Laute Stimmen klingen durch den leeren, aber blitzblanken Raum des Kinderheimes. Sie singen: "schütze dieses Dorf vor Selbstmorden". Die Kinder üben für morgen. Am nächsten Tag werden sie dieses Lied in einem Dorf unweit ihres Heims vortragen. Sie wollen aufmerksam machen und versuchen, Kinder vor dem Schicksal zu bewahren, das ihnen widerfahren ist: Waisenkind zu werden, weil sich der Vater, und häufig später auch die Mutter, das Leben genommen haben. In allen Fällen waren die Eltern Bauern, überschuldet, verzweifelt, hoffnungslos.

Kein Foto von den Eltern

Rohit lebt schon seit zehn Jahren in diesem Heim. Er war neun Jahre alt, als Verwandte ihn nach dem Selbstmord des Vaters dort ablieferten. Seine Mutter hat er seitdem nur noch selten gesehen. Sie lebt sieben Stunden Autofahrt entfernt. Keiner von beiden kann sich einen gegenseitigen Besuch leisten. "Schon ganz jung habe ich gelernt, dass mein Leben ein ewiger Kampf ist", sagt Rohit. "Jetzt bin ich alt genug, um eigenständig mein Leben in die Hand zu nehmen. Aber Bauer werden will ich nicht!"

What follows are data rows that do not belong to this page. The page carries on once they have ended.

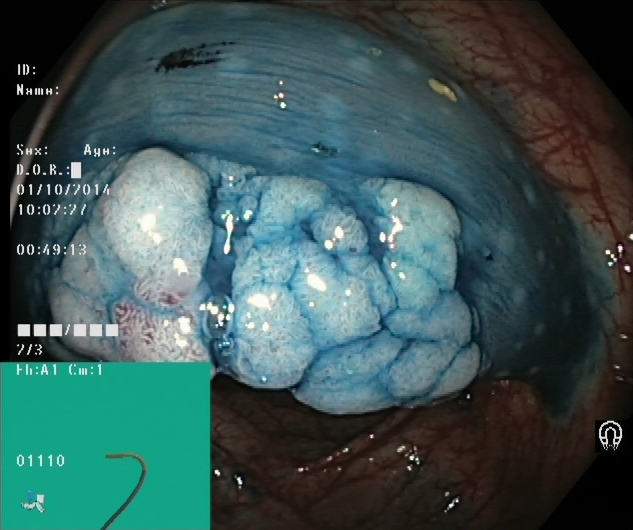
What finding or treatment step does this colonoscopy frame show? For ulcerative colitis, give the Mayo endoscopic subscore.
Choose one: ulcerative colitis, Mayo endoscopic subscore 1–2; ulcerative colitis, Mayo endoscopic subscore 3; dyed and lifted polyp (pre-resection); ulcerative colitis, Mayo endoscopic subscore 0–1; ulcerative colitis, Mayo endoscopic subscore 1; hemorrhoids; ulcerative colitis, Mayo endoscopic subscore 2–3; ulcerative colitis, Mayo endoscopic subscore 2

dyed and lifted polyp (pre-resection)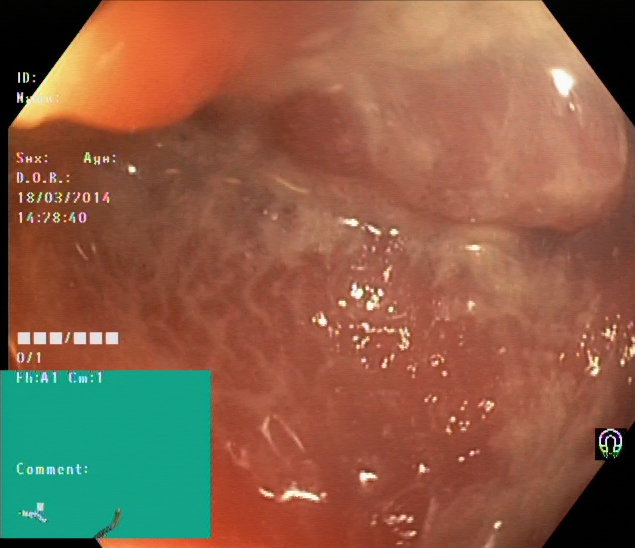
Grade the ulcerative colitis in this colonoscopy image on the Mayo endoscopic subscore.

ulcerative colitis, Mayo endoscopic subscore 2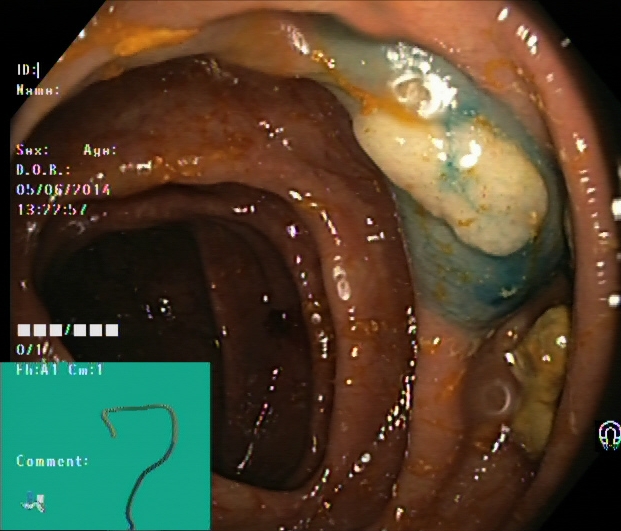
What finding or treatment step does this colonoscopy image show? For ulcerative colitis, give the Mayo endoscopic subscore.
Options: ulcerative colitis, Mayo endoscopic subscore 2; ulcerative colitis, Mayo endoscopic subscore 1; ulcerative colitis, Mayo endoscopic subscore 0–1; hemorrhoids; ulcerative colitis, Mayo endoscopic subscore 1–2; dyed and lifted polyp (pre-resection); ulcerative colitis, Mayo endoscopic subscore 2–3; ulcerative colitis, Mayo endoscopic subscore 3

Er zeigt eine kleine Metallkiste, in der er seine Habseligkeiten aufbewahrt. Zeugnisse und die Kopie seines Ausweises liegen drin. Ein Foto seiner Eltern hat er nicht. "Ja, ich bin wütend! Aber nicht wegen meines Schicksals, sondern weil sich nach all den Jahren immer noch Bauern das Leben nehmen. Es muss sich was ändern", fordert er, bevor er wieder die Proben für den nächsten Tag unterstützt.

Ein altes Problem

Verzweiflung klingt auch aus den Worten von Trimbakrao Gaikwad. Er hat das Heim 2007 mit privaten Spenden gegründet. Momentan leben fast 200 Kinder hier, weitere 1.800 stehen auf einer Warteliste. "Seit langem hoffe ich, dieses Heim wieder schließen zu können", erzählt er. "Kinder müssen Zuhause bei ihren Familien aufwachsen. Wann hören das Elend und die Selbstmorde auf?"

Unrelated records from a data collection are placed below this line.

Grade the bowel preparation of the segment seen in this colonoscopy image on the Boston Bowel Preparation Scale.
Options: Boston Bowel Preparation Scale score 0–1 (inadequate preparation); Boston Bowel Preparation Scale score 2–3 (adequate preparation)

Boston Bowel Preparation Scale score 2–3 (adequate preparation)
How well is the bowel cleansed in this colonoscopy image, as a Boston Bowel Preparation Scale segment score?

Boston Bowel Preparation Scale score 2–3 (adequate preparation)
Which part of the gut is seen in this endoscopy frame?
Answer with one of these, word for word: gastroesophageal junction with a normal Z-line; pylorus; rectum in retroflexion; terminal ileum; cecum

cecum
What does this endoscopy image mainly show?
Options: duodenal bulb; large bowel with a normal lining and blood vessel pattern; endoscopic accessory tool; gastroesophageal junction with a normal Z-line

Die Probleme der Bauern sind nicht neu. Bei Wahlen stehen ihre prekären Verhältnisse auf den Themenlisten der Parteien. Regelmäßig werden den Bauern Mindestpreise, Erlass von Lohnrückzahlungen und Subventionen versprochen. Doch geändert hat sich bisher nichts.

Selbstmord mit Pestizid

Vergangenes Jahr brachen Tausende Bauern nach Neu-Delhi und Mumbai auf, um dort gegen ihre jämmerlichen Lebensumstände zu demonstrieren. Politisches Gehör fanden sie zumindest ein Stück weit: Auch bei dieser Wahl war ihre Misere ein zentrales Wahlkampfthema zwischen den konkurrierenden großen Parteien, der hindunationalistischen Partei Bharatiya Janata Party (BJP) und der Kongress Partei.

Doch für Prakash Baste kommt Hilfe, falls sie je kommt, zu spät. Während seine Familie bei einer Hochzeit von Verwandten war, ging der Bauer in den kleinen Verschlag außerhalb des Hauses und trank Pestizid, das er vor wenigen Wochen für sein karges Feld gekauft hatte.

Letzte Zwiebelernte liegt unverkauft vor dem Haus

Foto von Bauer Prakash Baste
Foto von Bauer Prakash Baste
Quelle: ZDF

"Um sechs Uhr abends habe ich den Anruf erhalten, dass mein Vater tot ist", erzählt sein Sohn Suraj. "Wir wissen nicht, wie es weiter geht. Ich muss versuchen, irgendwie in der Stadt Geld zu verdienen." Das Land, das die Familie besitzt, kann sie nicht mehr ernähren. Die letzte Zwiebelernte liegt unverkauft vor dem Haus. Der Verkaufspreis ist so niedrig, dass nicht mal die Anbaukosten damit getragen werden könnten.

"Seit vier Jahren haben wir immense Probleme, mein Vater musste immer mehr Kredite aufnehmen", sagt Suraj. Wie hoch die Gesamtschulden sind, weiß er nicht. Sein Vater hat mit niemandem über die finanziellen Sorgen gesprochen. Eine familiäre Tragödie. Eine weitere Nummer in der trockenen, unsäglich bedrückenden Statistik, die in den weit entfernten Amtsstuben eines Ministeriums in Neu Delhi erfasst wird. Eine Tragödie mit viel zu vielen Akten.